# Problems cutting Mortise/Tenon joins



## Willeh (Dec 30, 2011)

Good Morning Folks,

Relatively new to the art of hand cutting mortise and tenon joins. First few worked without a hitch and i thought I was getting a knack for it, however the last two i kept experiencing the same problem. I marked out the mortise, then started chiseling it out and about halfway through (Making a through join), I whacked the chisel and the whole piece of stock split, breaking off the end across the mortise. Working with walnut.

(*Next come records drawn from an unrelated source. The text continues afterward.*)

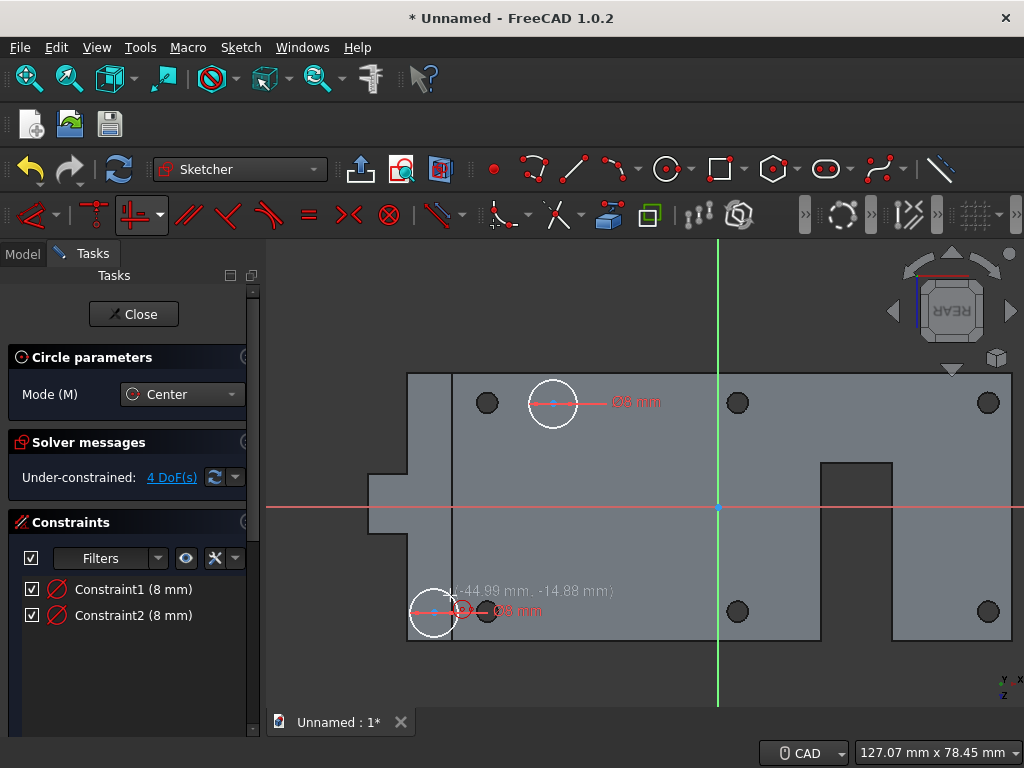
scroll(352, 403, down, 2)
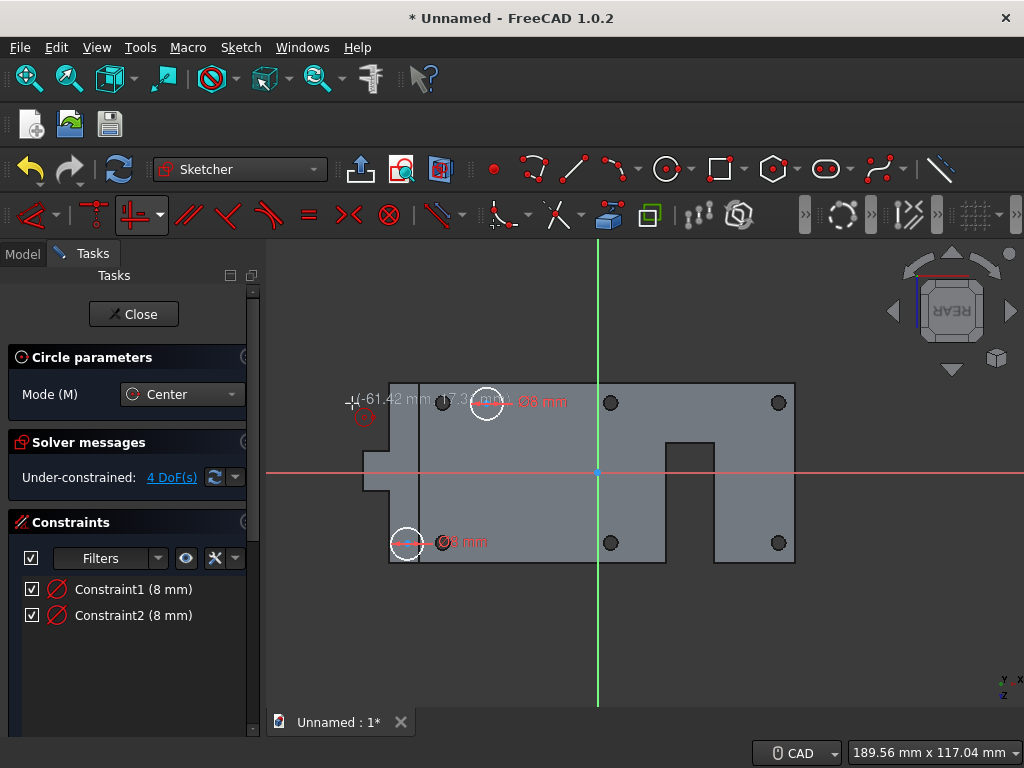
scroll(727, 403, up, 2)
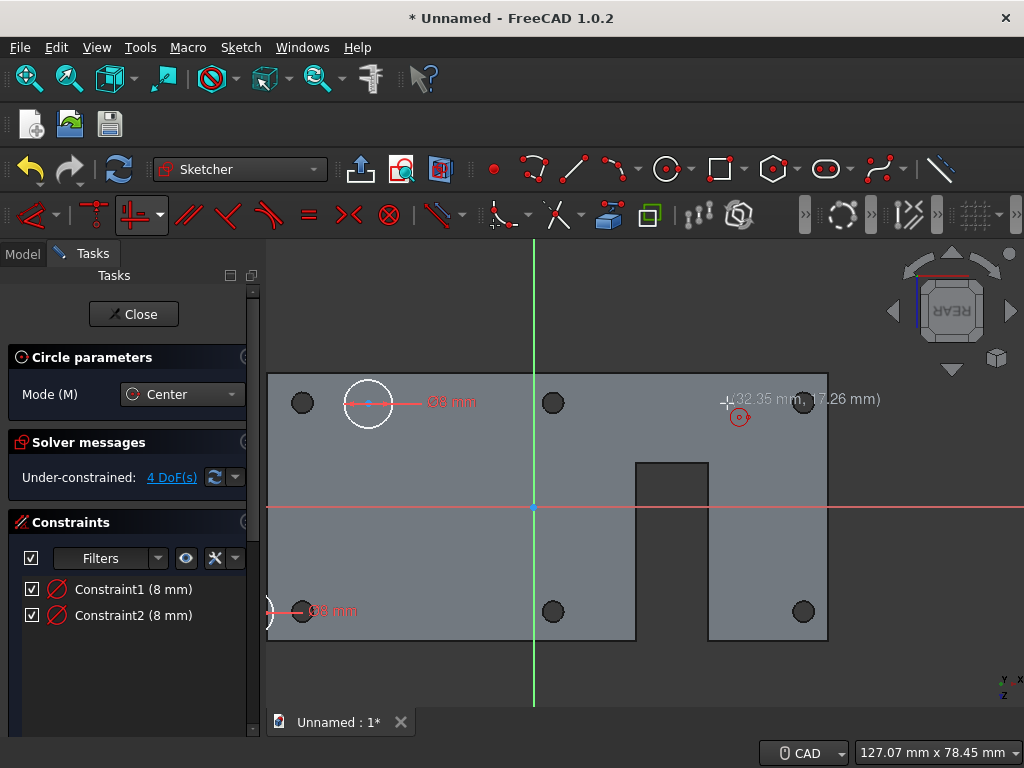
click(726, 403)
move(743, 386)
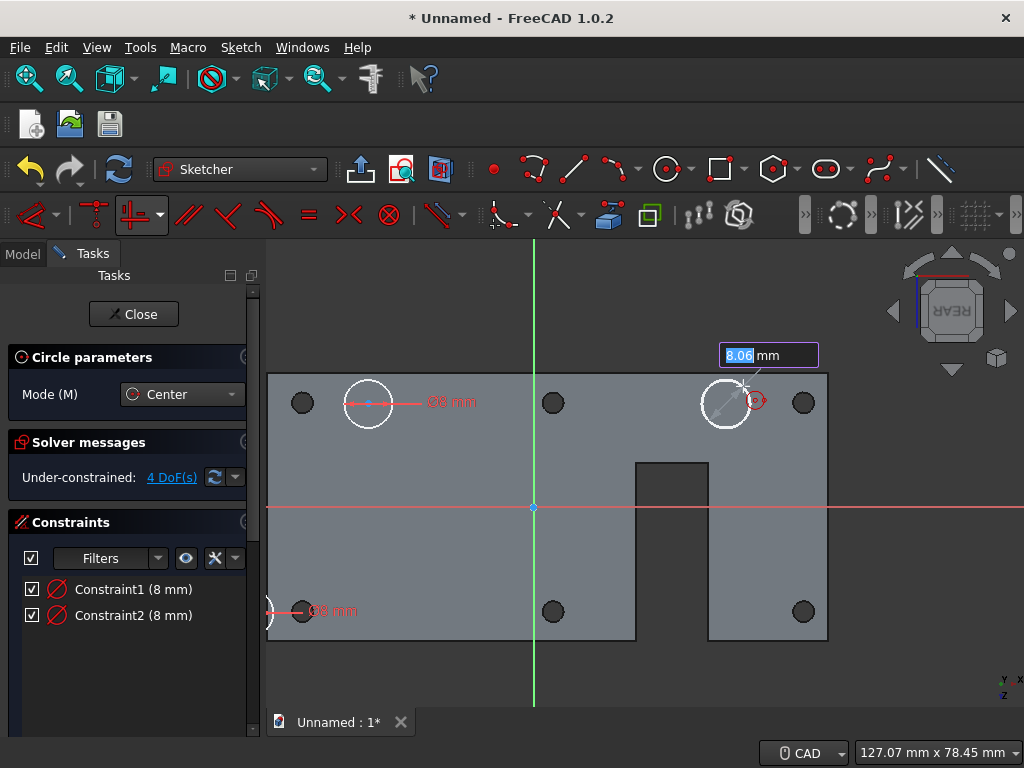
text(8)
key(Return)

Is this just part of the nature of this wood, or, is this happening because i'm trying to go too deep on a pass, or does this mean i need to sharpen up the chisel again?
Any input is welcome,

Thanks


----------



## RockyTopScott (Nov 16, 2008)

Consider drilling out some of the waste first with a sharp bit. Sharpening the chisel never hurts.


----------



## HorizontalMike (Jun 3, 2010)

In my limited experience hand-cutting through M&T I did notice that you really need to work the mortise from both sides of the mortise in order to avoid splitting out the exit of the mortise. And chisels can never be too sharp. Just my 2-cents..


----------



## handyrandyrc (Feb 3, 2012)

Yeah, while I really wanted to do the whole "I did this project COMPLETELY by hand" thing, I realized there is a much better way to do it. I used a Forstner bit and drill press to hog it out first, then trim the rest by hand.

If you have a bit and brace, you could do it that way, and still be able to say you did the whole thing without electric machines.


----------



## stefang (Apr 9, 2009)

H-Mike is right. You need to work the mortise from both sides. I suggest you mark-up the mortise and then using a small drill bit, say 1/8" drill, or the smallest drill you have that is long enough, drill all the way through at each of the four inside corners of the mortise. This should ideally be done in a drill press or some other way to insure that the holes are at 90degrees. Now you have the corners accurately marked out on both sides of your mortise and you just have to draw the connecting lines. Working from both sides also prevents blowout on the underside. Good luck. I did a blog on hand cutting a mortise you might find interesting.

http://lumberjocks.com/stefang/blog/11534


----------



## BerBer5985 (Oct 10, 2011)

Check out Paulsellers.com and maybe think about getting his DVDs. He goes very into depth with mortise and tenon joints, dovetail joints, and housing dado joints all by hand. You have to work both sides but you need to be sensitive with the sound of the chisel. When you're hitting your chisel and the sound changes to a dead sound, you've gone far enough and it's time to move along. It's hard to explain. He may have a free video on the website. I tried one for the first time last night and it turned out better than expected using that method.


----------



## Loren (May 30, 2008)

Mortises near the end of a component are best cut before the
final crosscut is made. Leave 2 or 3" of extra wood there 
to prevent splitting, then cut it off after the mortise is
cut. Not needed when machine-cutting mortises, though
when drilling and chiseling it still might be a good idea to
leave some extra.


----------